Tem efeito anabólico leve, mas insuficiente para justificar uso estético — e com risco alto de efeitos androgênicos graves. Não é recomendada para essa finalidade.

8. Qual exame detecta uso de gestrinona?
Não há dosagem sérica de gestrinona disponível na rotina. O que se observa indiretamente é testosterona total e livre elevadas, SHBG suprimida, estradiol baixo e LH/FSH suprimidos.

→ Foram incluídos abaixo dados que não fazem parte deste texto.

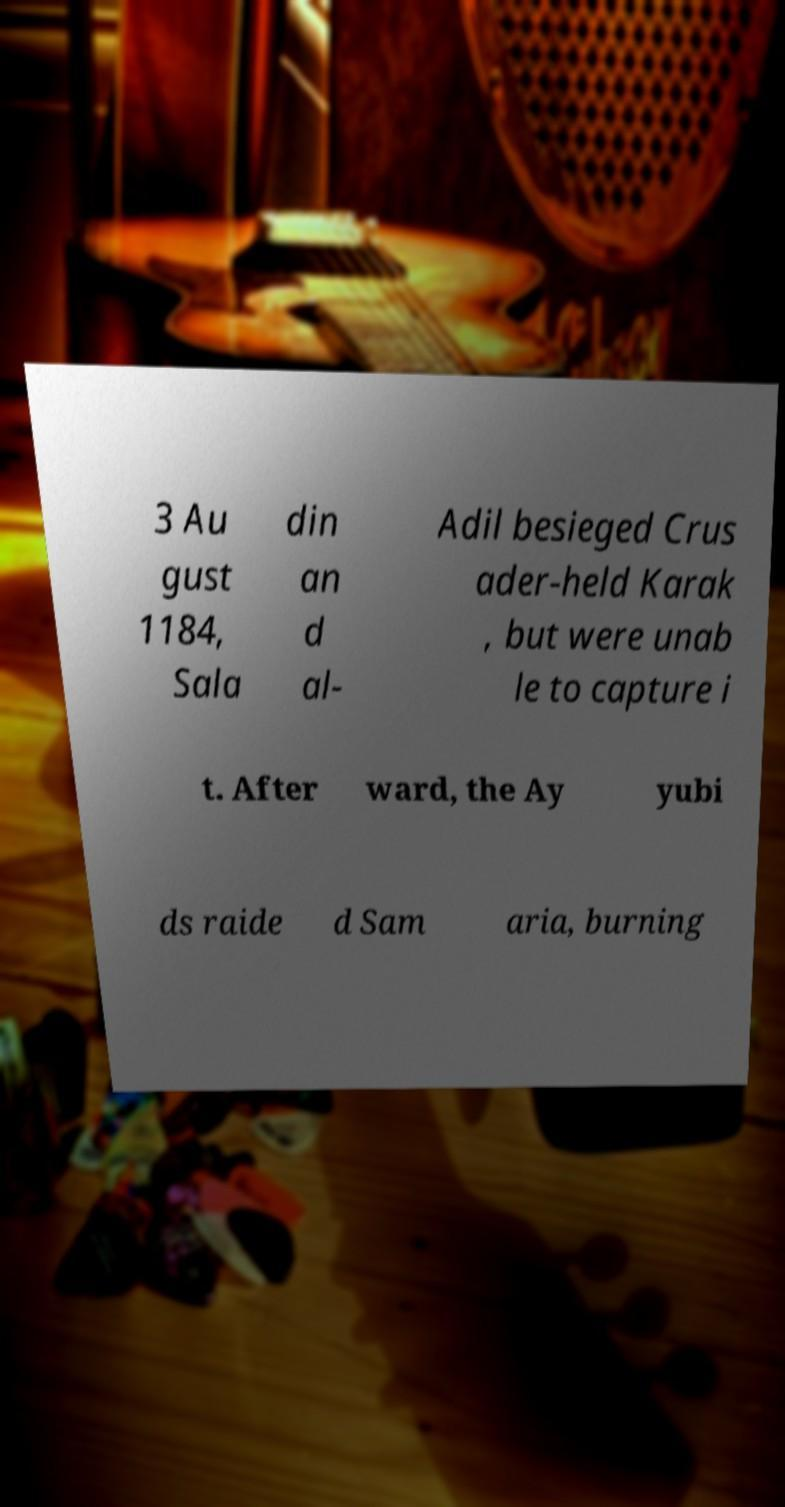Please identify and transcribe the text found in this image. 3 Au gust 1184, Sala din an d al- Adil besieged Crus ader-held Karak , but were unab le to capture i t. After ward, the Ay yubi ds raide d Sam aria, burning

9. Plano de saúde cobre o tratamento com gestrinona?
Quando indicada para endometriose ou miomas com prescrição médica e bula, sim. Implantes manipulados para fins estéticos não têm cobertura.

10. Como retirar com segurança um chip de gestrinona?
A retirada é cirúrgica simples, em consultório, sob anestesia local. Depois é importante reavaliação endocrinológica com perfil hormonal, lipídico e hepático.

Quando procurar um endocrinologista

Procure avaliação especializada se você:

  • Está em uso de gestrinona (oral ou implante) e tem dúvidas sobre segurança.
  • Apresentou acne, pelos, queda de cabelo, mudança de voz ou alteração menstrual após iniciar o tratamento.
  • Quer alternativas seguras para endometriose, miomas ou sintomas hormonais.
  • Pensa em emagrecer ou ganhar massa muscular e busca uma estratégia com respaldo científico — sem hormônios androgênicos.

Referências: Parecer CFM 06/2019 sobre implantes hormonais; Posicionamento SBEM sobre modulação hormonal; Diretrizes Febrasgo de endometriose; Bula técnica da gestrinona (Anvisa).